- _INSTRUCTIONS TO FOLLOW_:
Identify each line below containing the string "frame" and copy it.

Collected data
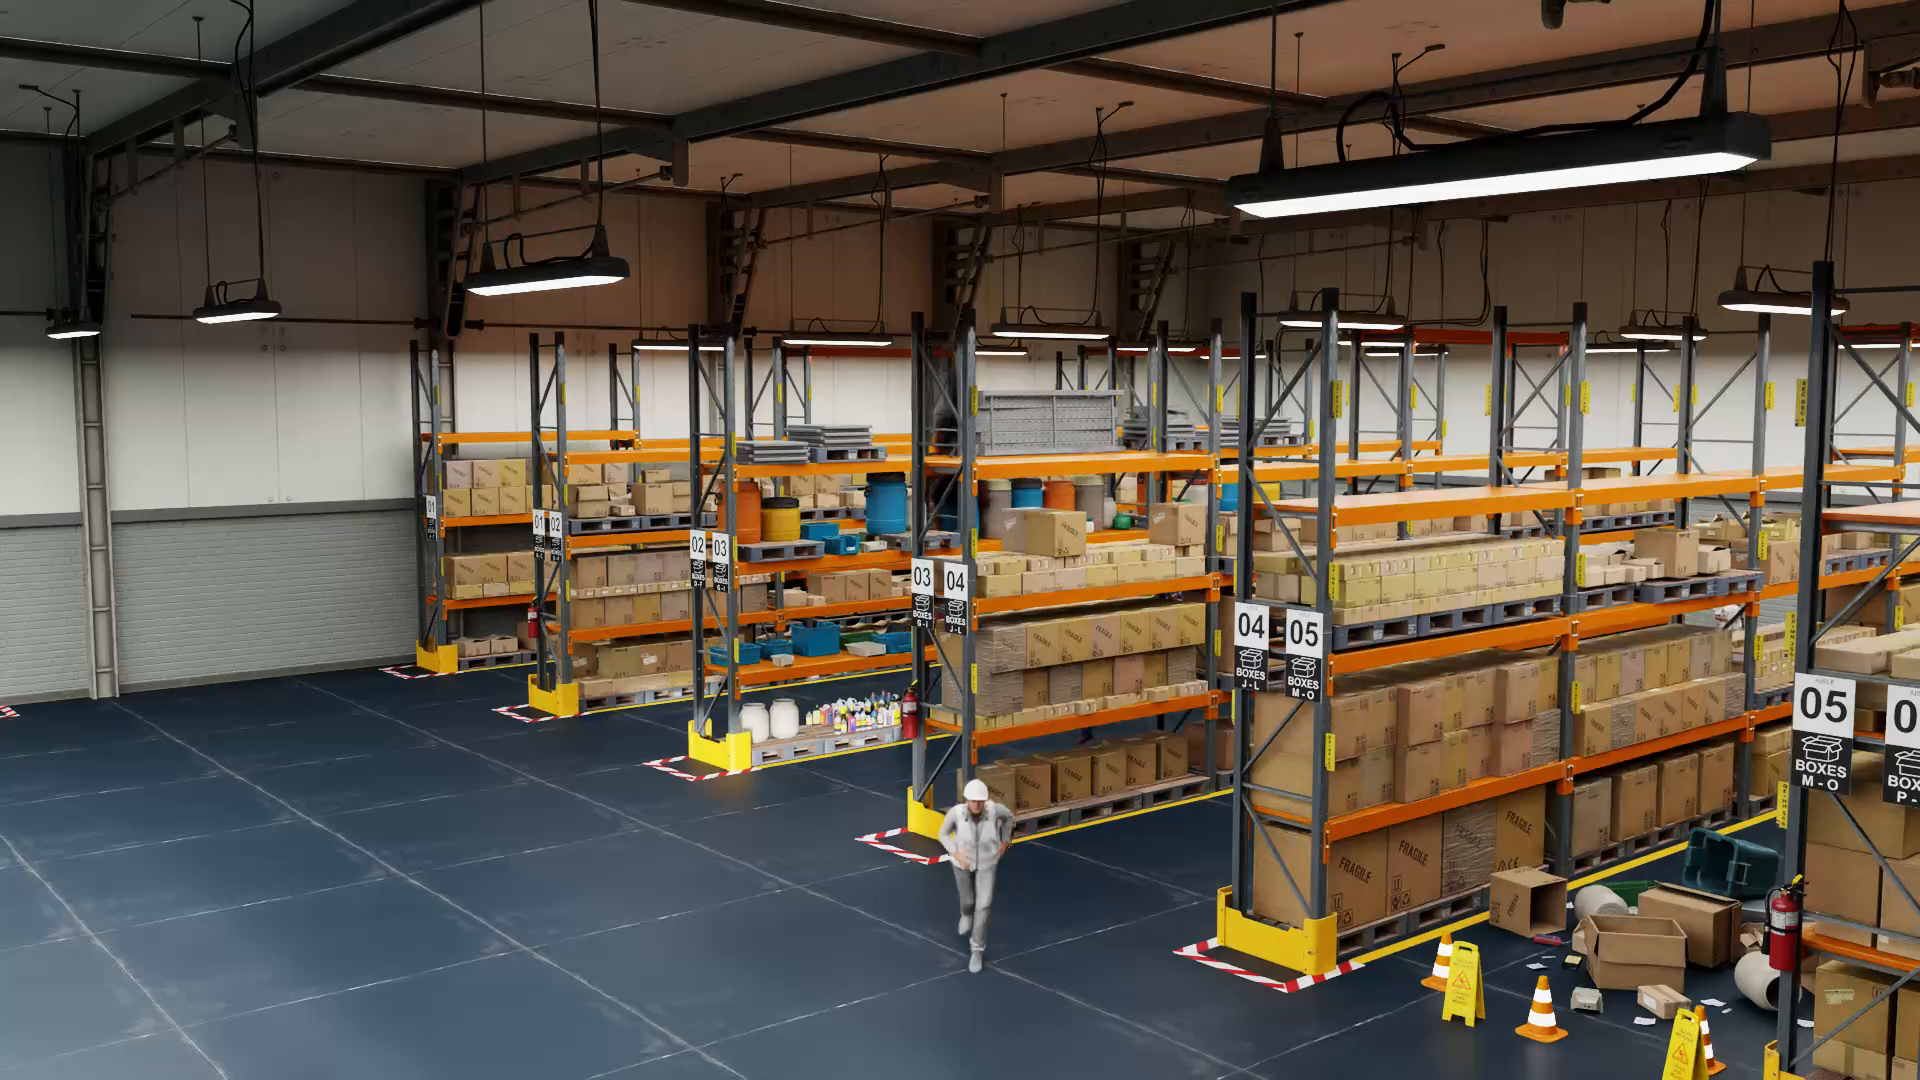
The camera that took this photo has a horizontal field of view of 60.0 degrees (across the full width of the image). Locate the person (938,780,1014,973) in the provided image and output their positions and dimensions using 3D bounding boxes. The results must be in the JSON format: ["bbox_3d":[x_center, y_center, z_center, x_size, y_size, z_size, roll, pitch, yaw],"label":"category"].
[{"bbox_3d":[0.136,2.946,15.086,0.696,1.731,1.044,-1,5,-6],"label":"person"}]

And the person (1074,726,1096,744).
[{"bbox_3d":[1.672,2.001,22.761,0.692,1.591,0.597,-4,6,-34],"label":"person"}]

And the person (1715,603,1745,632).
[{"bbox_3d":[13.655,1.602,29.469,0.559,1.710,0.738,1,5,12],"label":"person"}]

==

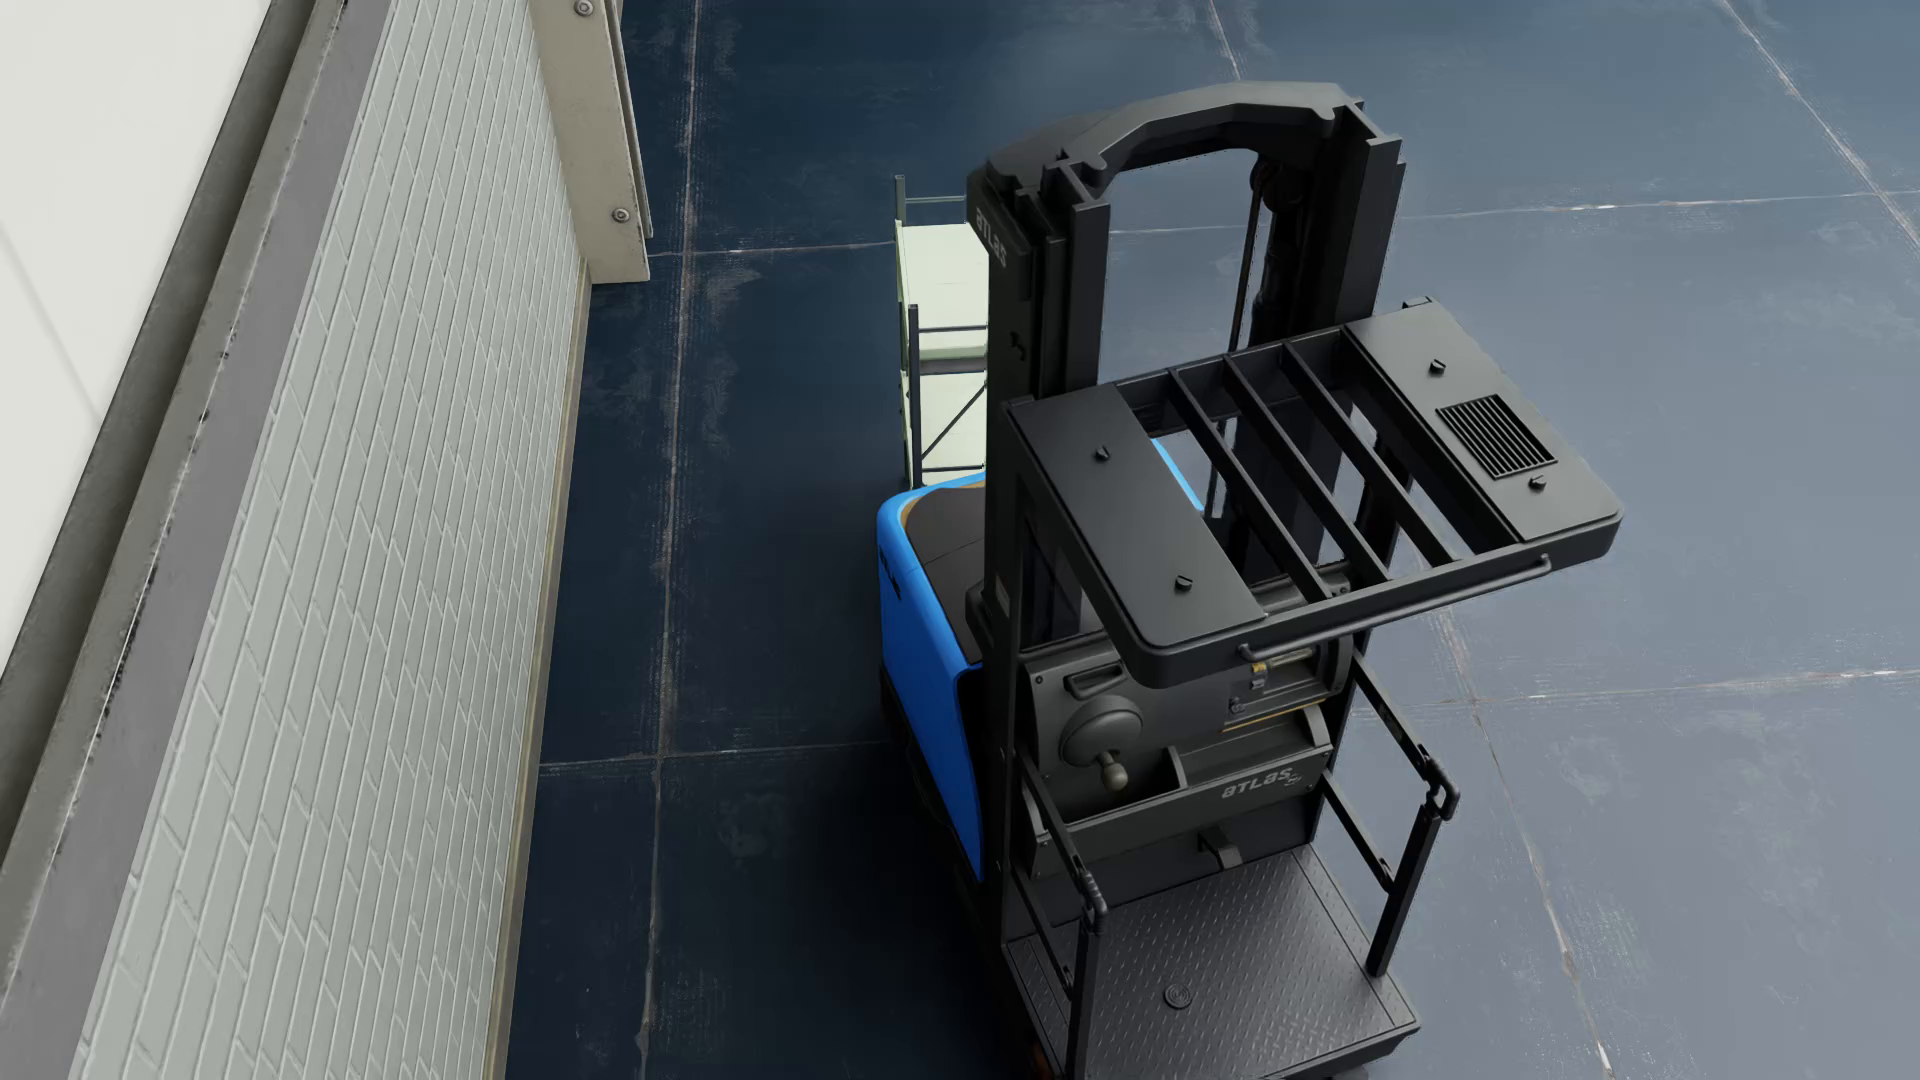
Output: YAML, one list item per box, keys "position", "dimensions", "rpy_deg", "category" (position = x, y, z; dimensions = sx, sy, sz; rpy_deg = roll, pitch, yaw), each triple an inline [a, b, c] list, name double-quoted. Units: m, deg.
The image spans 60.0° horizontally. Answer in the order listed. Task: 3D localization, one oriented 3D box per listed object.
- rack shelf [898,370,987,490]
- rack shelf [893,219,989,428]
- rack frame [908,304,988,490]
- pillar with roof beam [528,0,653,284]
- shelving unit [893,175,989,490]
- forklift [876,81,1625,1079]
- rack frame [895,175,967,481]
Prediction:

- _RESPONSE FOR THIS EXERCISE_:
- rack frame [908,304,988,490]
- rack frame [895,175,967,481]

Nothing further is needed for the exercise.